__Work required__. Could you retype the lines below, starting at the line holding "There is a big" and stopping at the line holding "Give a very", inclusive? Copy them exactly and drop the images.

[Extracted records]
+++++
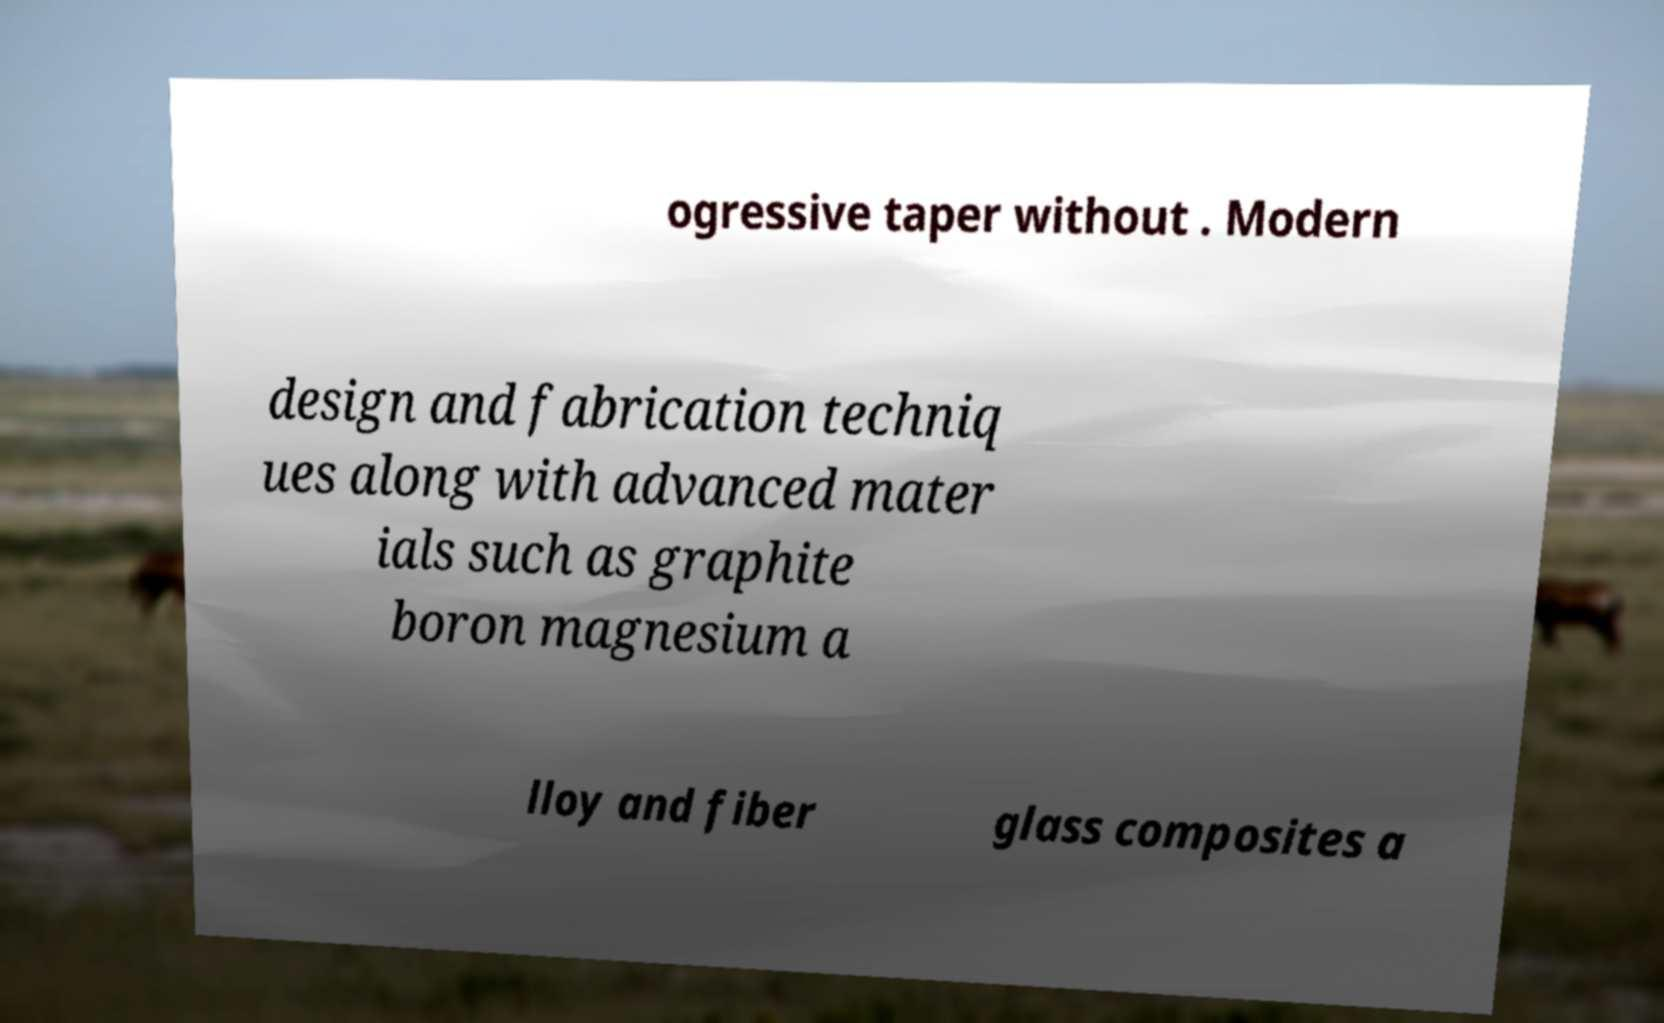There's text embedded in this image that I need extracted. Can you transcribe it verbatim? ogressive taper without . Modern design and fabrication techniq ues along with advanced mater ials such as graphite boron magnesium a lloy and fiber glass composites a 
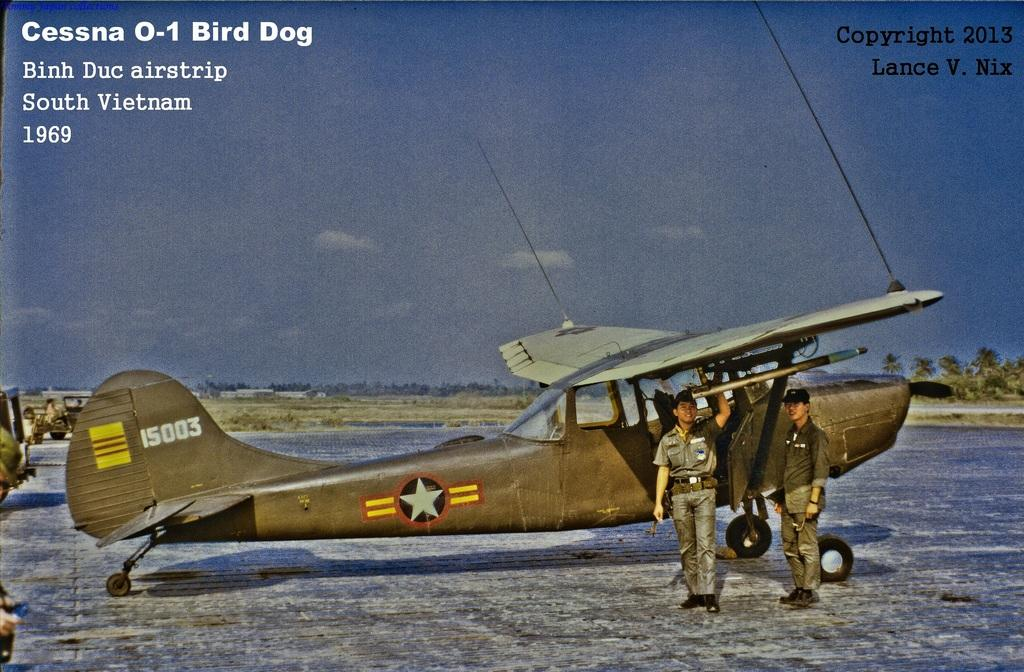Provide a one-sentence caption for the provided image. A postcard with the Cessna 0-1 Bird Dog on the front. 
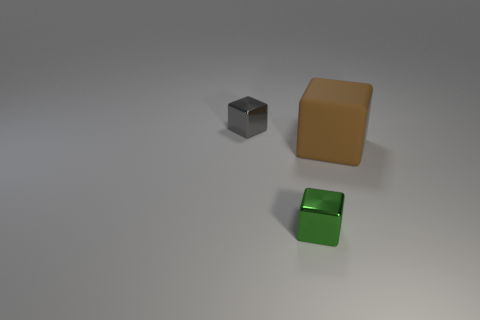Add 1 small gray cubes. How many objects exist? 4 Subtract 0 red cylinders. How many objects are left? 3 Subtract all purple rubber cylinders. Subtract all gray metallic cubes. How many objects are left? 2 Add 2 big objects. How many big objects are left? 3 Add 2 large cubes. How many large cubes exist? 3 
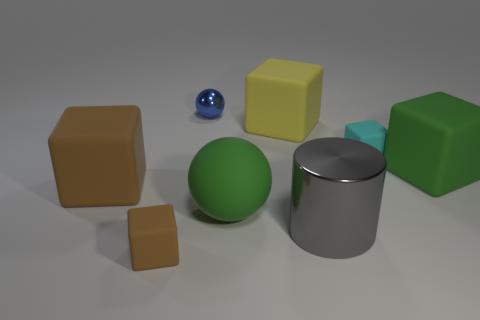There is a big block that is to the right of the yellow matte thing; is it the same color as the sphere in front of the blue shiny thing?
Your answer should be very brief. Yes. There is a brown matte thing on the left side of the small block to the left of the tiny blue metal object; how many large brown blocks are in front of it?
Ensure brevity in your answer.  0. There is a green block that is made of the same material as the cyan cube; what size is it?
Provide a succinct answer. Large. Does the sphere behind the yellow thing have the same size as the large gray thing?
Your answer should be compact. No. There is a small thing that is both to the right of the tiny brown block and in front of the tiny shiny object; what is its color?
Provide a short and direct response. Cyan. There is a brown block that is in front of the big rubber cube that is in front of the green matte thing that is on the right side of the large gray object; what is its material?
Provide a short and direct response. Rubber. There is a large rubber object on the right side of the shiny cylinder; is it the same color as the large sphere?
Give a very brief answer. Yes. Do the tiny brown thing and the large gray cylinder have the same material?
Make the answer very short. No. The large block that is on the left side of the green matte cube and to the right of the big rubber sphere is made of what material?
Your answer should be very brief. Rubber. What is the color of the small cube right of the tiny blue thing?
Your answer should be compact. Cyan. 
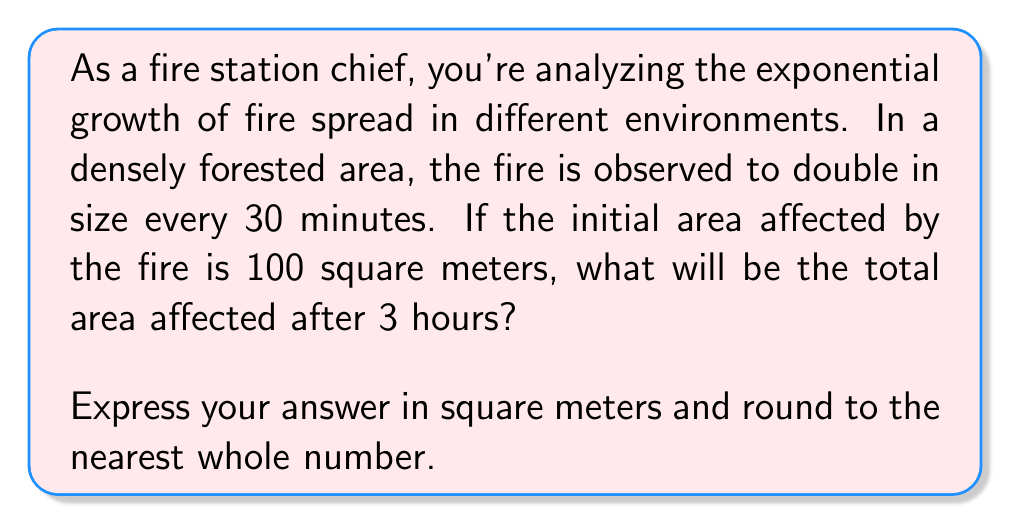Could you help me with this problem? To solve this problem, we need to use the exponential growth formula:

$$ A = A_0 \cdot 2^n $$

Where:
$A$ = Final area
$A_0$ = Initial area (100 square meters)
$n$ = Number of doubling periods

First, let's calculate how many doubling periods occur in 3 hours:

$$ \text{Number of doubling periods} = \frac{\text{Total time}}{\text{Time for one doubling}} = \frac{3 \text{ hours}}{0.5 \text{ hours}} = 6 $$

Now we can plug these values into our exponential growth formula:

$$ A = 100 \cdot 2^6 $$

To calculate this:

$$ \begin{align}
A &= 100 \cdot 2^6 \\
&= 100 \cdot 64 \\
&= 6400 \text{ square meters}
\end{align} $$

Therefore, after 3 hours, the fire will have spread to an area of 6400 square meters.
Answer: 6400 square meters 
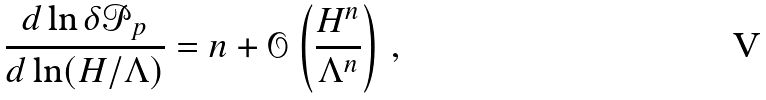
+++++
__Answer to this task__.
There is a big block that is to the right of the yellow matte thing; is it the same color as the sphere in front of the blue shiny thing?
Your answer should be very brief. Yes. There is a brown matte thing on the left side of the small block to the left of the tiny blue metal object; how many large brown blocks are in front of it?
Ensure brevity in your answer.  0. There is a green block that is made of the same material as the cyan cube; what size is it?
Provide a succinct answer. Large. Does the sphere behind the yellow thing have the same size as the large gray thing?
Your answer should be compact. No. There is a small thing that is both to the right of the tiny brown block and in front of the tiny shiny object; what is its color?
Provide a short and direct response. Cyan. There is a brown block that is in front of the big rubber cube that is in front of the green matte thing that is on the right side of the large gray object; what is its material?
Provide a short and direct response. Rubber. There is a large rubber object on the right side of the shiny cylinder; is it the same color as the large sphere?
Give a very brief answer. Yes. Do the tiny brown thing and the large gray cylinder have the same material?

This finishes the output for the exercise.